Memory: Three-Path Recall

Query → expansion (1-hop PPR)
      → FTS5 keyword search
      → semantic search (optional embeddings)
      → graph PPR (alpha=0.85, multi-hop)
      → Reciprocal Rank Fusion (freshness decay + confidence weight)
      → context compression (4K char budget)

Every memory carries: confidence [0,1], verified (0/1/2), sensitivity, expires_at, memory_type (semantic_fact / episodic_event / user_preference / summary / procedural_pattern).


Tool Governance

Approval tiers (configured via CHUMP_TOOLS_ASK):

  • Allow — execute immediately (most read tools)
  • Ask — emit ToolApprovalRequest; wait for Discord button, web card, or ACP session/request_permission response
  • Auto-approve — low-risk heuristic patterns bypass the gate

Circuit breaker: opens after 3 consecutive failures, 60s cooldown.

Speculative execution: 3+ tool calls in one turn → snapshot beliefs/neuromod/ blackboard → execute all → evaluate surprisal + confidence → commit or rollback in-process state (external side effects are not rolled back).


ACP — Agent Client Protocol

chump --acp runs JSON-RPC over stdio implementing the Agent Client Protocol.

V1 methods: initialize, authenticate, session/{new, load, list, prompt, cancel, set_mode, set_config_option}.

Agent-initiated RPCs (bidirectional): session/request_permission, fs/{read_text_file, write_text_file}, terminal/{create, output, wait_for_exit, kill, release}.

Session state persists to {CHUMP_HOME}/acp_sessions/{session_id}.json (atomic rename writes). When the editor declares fs or terminal capability, file and shell operations delegate to the editor's environment — critical for SSH-remote and devcontainer setups.
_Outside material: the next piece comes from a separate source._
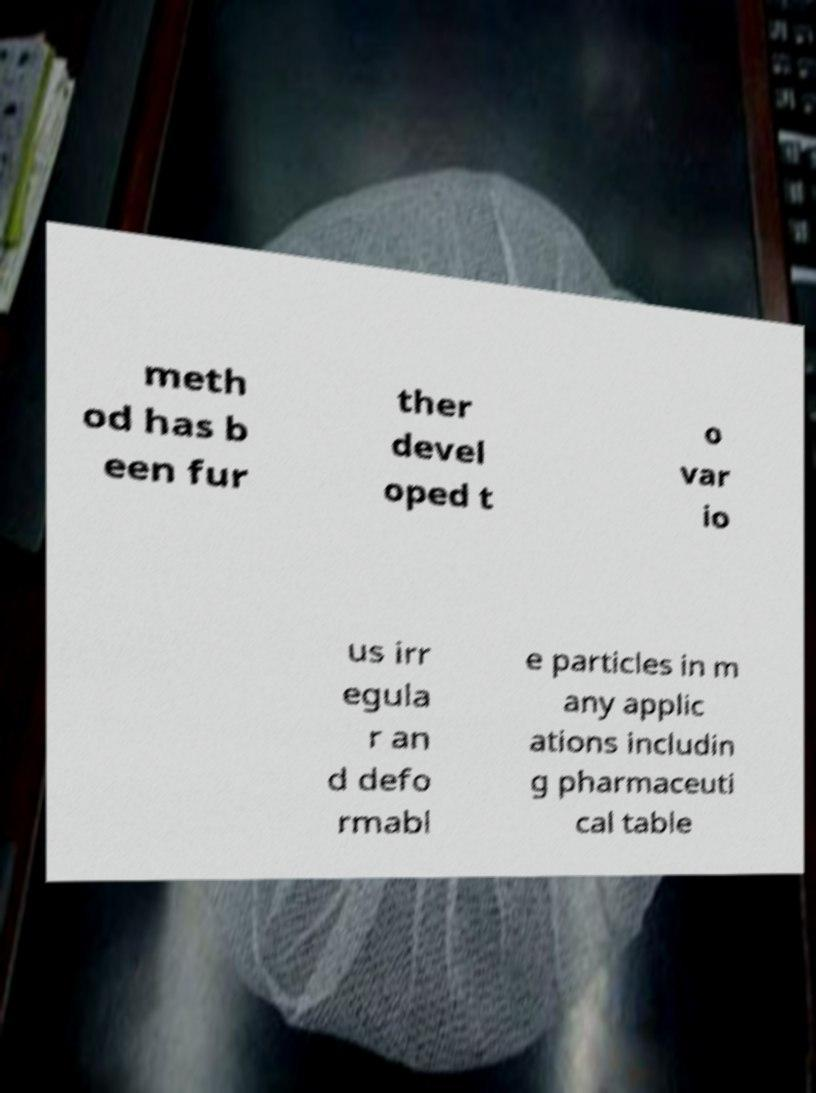Can you read and provide the text displayed in the image?This photo seems to have some interesting text. Can you extract and type it out for me? meth od has b een fur ther devel oped t o var io us irr egula r an d defo rmabl e particles in m any applic ations includin g pharmaceuti cal table

See docs/ACP.md for wire-level documentation.


Provider Cascade

Request → local Ollama / vLLM (primary)
        → mistral.rs in-process (optional feature flag)
        → cloud API (CHUMP_FALLBACK_API_BASE, optional)
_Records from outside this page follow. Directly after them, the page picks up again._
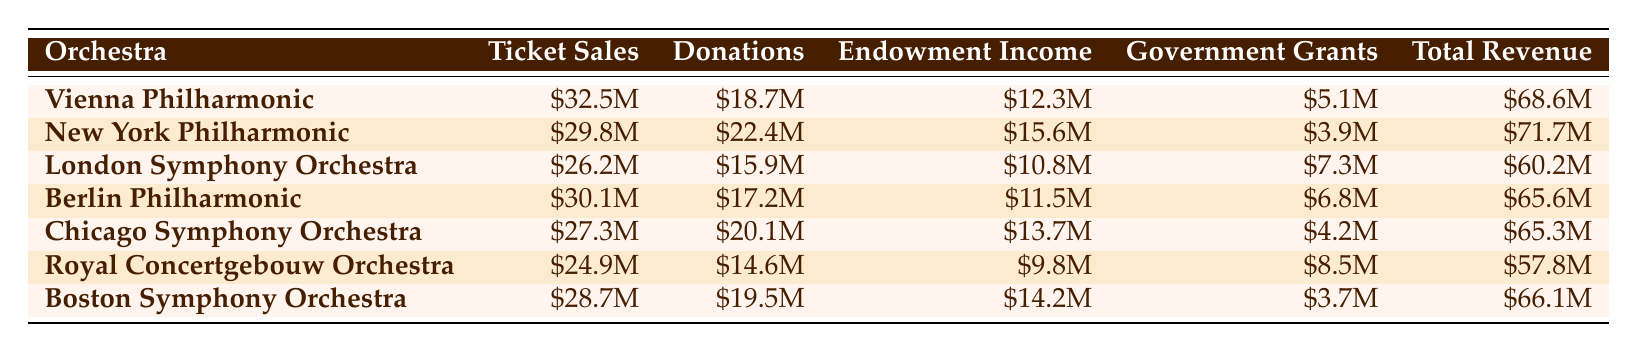What is the total revenue of the New York Philharmonic? The total revenue for the New York Philharmonic is listed directly in the table under the Total Revenue column. It shows $71.7M.
Answer: $71.7M Which orchestra has the highest ticket sales? By comparing the values in the Ticket Sales column, the Vienna Philharmonic has the highest ticket sales with $32.5M.
Answer: Vienna Philharmonic Is the total revenue for the Royal Concertgebouw Orchestra greater than $55M? The total revenue for the Royal Concertgebouw Orchestra is $57.8M, which is indeed greater than $55M.
Answer: Yes What is the average endowment income for the orchestras listed? To find the average endowment income, we add together all the values in the Endowment Income column: $12.3M + $15.6M + $10.8M + $11.5M + $13.7M + $9.8M + $14.2M = $93.9M. Then, divide by the number of orchestras (7): $93.9M / 7 = $13.41M.
Answer: $13.41M Does the Berlin Philharmonic have more government grants than the London Symphony Orchestra? The table shows that the Berlin Philharmonic has $6.8M in government grants, while the London Symphony Orchestra has $7.3M, indicating that the Berlin Philharmonic has less.
Answer: No What is the total of ticket sales for all orchestras combined? To calculate the total ticket sales, add all the values in the Ticket Sales column: $32.5M + $29.8M + $26.2M + $30.1M + $27.3M + $24.9M + $28.7M = $199.5M.
Answer: $199.5M Which orchestra has the lowest total revenue? By examining the Total Revenue column, the Royal Concertgebouw Orchestra has the lowest total revenue at $57.8M.
Answer: Royal Concertgebouw Orchestra What percentage of the total revenue does donations represent for the Boston Symphony Orchestra? The donations for the Boston Symphony Orchestra are $19.5M, and the total revenue is $66.1M. To find the percentage, use the formula (19.5M / 66.1M) * 100 = 29.5%.
Answer: 29.5%

Retry with backoff (CHUMP_LLM_RETRY_DELAYS_MS), circuit breaker after 3 failures. The Precision Controller's ModelTier recommendation (Fast / Standard / Capable / Specialist) gates which providers are tried in each regime.


Safety Controls

  • Kill switch: touch logs/pause or CHUMP_PAUSED=1
  • Input caps: CHUMP_MAX_MESSAGE_LEN, CHUMP_MAX_TOOL_ARGS_LEN
  • run_cli allowlist/blocklist: CHUMP_CLI_ALLOWLIST, CHUMP_CLI_BLOCKLIST
  • Secret redaction: in all log output
  • Audit log: every tool call logged with input, output, latency, approval outcome
  • ask_jeff tool: stores blocking questions for human review when uncertainty > 0.75

Eval Framework

src/eval_harness.rs — property-based evaluation stored in SQLite:

  • EvalCase: input + expected behavioral properties (contains, not_contains, json_path, regex)
  • EvalRun: result per case per run, compared against baseline for regression detection
  • Run via: ./scripts/battle-qa.sh or cargo test eval

Current seed suite: 5 cases. Target: 50+ covering multi-turn history and context-window boundary behavior.